- **EXERCISE DESCRIPTION**: Your answer must be an exact copy of the entries, containing no images.
** Opening DATA IN THIS EXERCISE block **
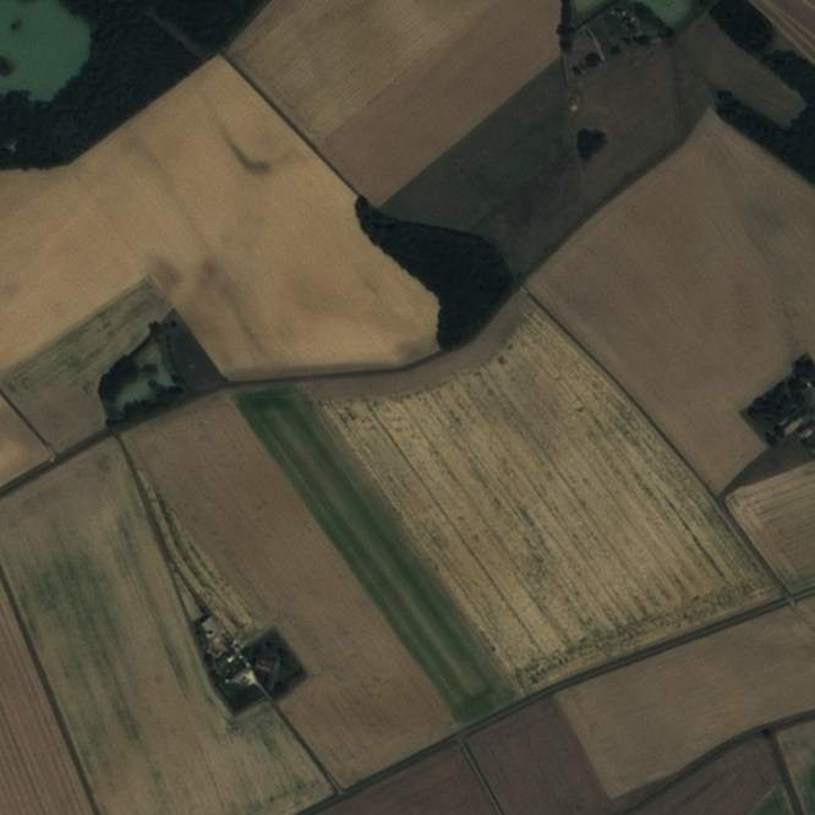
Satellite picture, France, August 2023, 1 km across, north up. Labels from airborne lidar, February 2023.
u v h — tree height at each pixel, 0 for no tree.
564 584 0
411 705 0
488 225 0
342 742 0
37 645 0
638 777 0
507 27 0
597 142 19
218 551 0
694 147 0
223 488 0
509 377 0
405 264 14
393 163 0
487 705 0
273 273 0
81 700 0
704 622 0
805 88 17
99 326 0
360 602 0
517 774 0
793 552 0
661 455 0
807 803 0
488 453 0
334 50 0
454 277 16
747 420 0
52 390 0
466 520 0
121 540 0
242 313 0
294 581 0
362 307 0
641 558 0
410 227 11
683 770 0
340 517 0
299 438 0
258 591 0
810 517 0
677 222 0
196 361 0
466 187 0
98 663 0
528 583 0
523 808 0
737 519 0
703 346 0
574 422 0
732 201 0
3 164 9
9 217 0
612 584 0
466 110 0
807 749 0
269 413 0
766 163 0
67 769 0
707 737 0
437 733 0
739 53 0
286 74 0
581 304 0
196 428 0
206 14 20
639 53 0
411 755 0
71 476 0
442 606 0
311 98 0
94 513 0
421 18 0
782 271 0
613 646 0
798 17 0
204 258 0
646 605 0
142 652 0
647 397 0
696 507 0
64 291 0
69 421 0
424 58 0
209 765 0
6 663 0
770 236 0
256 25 0
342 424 0
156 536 0
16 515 0
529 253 0
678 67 0
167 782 0
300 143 0
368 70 0
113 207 0
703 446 0
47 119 14
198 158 0
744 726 0
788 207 0
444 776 0
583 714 0
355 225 0
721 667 0
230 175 0
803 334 0
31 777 0
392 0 0
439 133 0
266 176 0
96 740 0
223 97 0
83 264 0
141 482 0
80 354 0
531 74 0
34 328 0
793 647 0
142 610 0
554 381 0
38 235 0
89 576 0
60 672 0
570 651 0
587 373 0
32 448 0
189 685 0
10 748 0
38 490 0
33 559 0
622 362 0
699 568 0
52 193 0
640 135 0
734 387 0
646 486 0
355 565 0
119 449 0
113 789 0
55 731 0
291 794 0
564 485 0
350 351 0
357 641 0
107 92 7
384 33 0
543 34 0
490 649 0
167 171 0
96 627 0
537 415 0
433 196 0
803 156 15
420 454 0
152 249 0
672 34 14
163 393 14
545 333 0
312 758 0
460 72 0
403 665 0
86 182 0
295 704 0
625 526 0
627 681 0
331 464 0
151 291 0
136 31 9
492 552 0
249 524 0
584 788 0
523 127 0
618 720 0
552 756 0
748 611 0
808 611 0
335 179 0
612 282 0
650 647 0
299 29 0
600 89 0
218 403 0
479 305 14
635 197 0
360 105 0
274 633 0
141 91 11
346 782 0
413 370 0
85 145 6
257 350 0
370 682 0
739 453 0
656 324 0
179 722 0
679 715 0
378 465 0
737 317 0
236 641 0
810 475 0
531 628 0
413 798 0
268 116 0
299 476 0
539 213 0
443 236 13
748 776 0
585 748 0
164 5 16
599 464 0
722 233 0
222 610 0
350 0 0
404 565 0
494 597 0
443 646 0
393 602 0
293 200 0
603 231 0
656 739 0
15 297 0
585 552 0
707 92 0
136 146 0
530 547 0
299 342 0
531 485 0
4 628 0
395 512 0
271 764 0
** Closing DATA IN THIS EXERCISE block **
- **EXPECTED ANSWER**:
Satellite picture, France, August 2023, 1 km across, north up. Labels from airborne lidar, February 2023.
u v h — tree height at each pixel, 0 for no tree.
564 584 0
411 705 0
488 225 0
342 742 0
37 645 0
638 777 0
507 27 0
597 142 19
218 551 0
694 147 0
223 488 0
509 377 0
405 264 14
393 163 0
487 705 0
273 273 0
81 700 0
704 622 0
805 88 17
99 326 0
360 602 0
517 774 0
793 552 0
661 455 0
807 803 0
488 453 0
334 50 0
454 277 16
747 420 0
52 390 0
466 520 0
121 540 0
242 313 0
294 581 0
362 307 0
641 558 0
410 227 11
683 770 0
340 517 0
299 438 0
258 591 0
810 517 0
677 222 0
196 361 0
466 187 0
98 663 0
528 583 0
523 808 0
737 519 0
703 346 0
574 422 0
732 201 0
3 164 9
9 217 0
612 584 0
466 110 0
807 749 0
269 413 0
766 163 0
67 769 0
707 737 0
437 733 0
739 53 0
286 74 0
581 304 0
196 428 0
206 14 20
639 53 0
411 755 0
71 476 0
442 606 0
311 98 0
94 513 0
421 18 0
782 271 0
613 646 0
798 17 0
204 258 0
646 605 0
142 652 0
647 397 0
696 507 0
64 291 0
69 421 0
424 58 0
209 765 0
6 663 0
770 236 0
256 25 0
342 424 0
156 536 0
16 515 0
529 253 0
678 67 0
167 782 0
300 143 0
368 70 0
113 207 0
703 446 0
47 119 14
198 158 0
744 726 0
788 207 0
444 776 0
583 714 0
355 225 0
721 667 0
230 175 0
803 334 0
31 777 0
392 0 0
439 133 0
266 176 0
96 740 0
223 97 0
83 264 0
141 482 0
80 354 0
531 74 0
34 328 0
793 647 0
142 610 0
554 381 0
38 235 0
89 576 0
60 672 0
570 651 0
587 373 0
32 448 0
189 685 0
10 748 0
38 490 0
33 559 0
622 362 0
699 568 0
52 193 0
640 135 0
734 387 0
646 486 0
355 565 0
119 449 0
113 789 0
55 731 0
291 794 0
564 485 0
350 351 0
357 641 0
107 92 7
384 33 0
543 34 0
490 649 0
167 171 0
96 627 0
537 415 0
433 196 0
803 156 15
420 454 0
152 249 0
672 34 14
163 393 14
545 333 0
312 758 0
460 72 0
403 665 0
86 182 0
295 704 0
625 526 0
627 681 0
331 464 0
151 291 0
136 31 9
492 552 0
249 524 0
584 788 0
523 127 0
618 720 0
552 756 0
748 611 0
808 611 0
335 179 0
612 282 0
650 647 0
299 29 0
600 89 0
218 403 0
479 305 14
635 197 0
360 105 0
274 633 0
141 91 11
346 782 0
413 370 0
85 145 6
257 350 0
370 682 0
739 453 0
656 324 0
179 722 0
679 715 0
378 465 0
737 317 0
236 641 0
810 475 0
531 628 0
413 798 0
268 116 0
299 476 0
539 213 0
443 236 13
748 776 0
585 748 0
164 5 16
599 464 0
722 233 0
222 610 0
350 0 0
404 565 0
494 597 0
443 646 0
393 602 0
293 200 0
603 231 0
656 739 0
15 297 0
585 552 0
707 92 0
136 146 0
530 547 0
299 342 0
531 485 0
4 628 0
395 512 0
271 764 0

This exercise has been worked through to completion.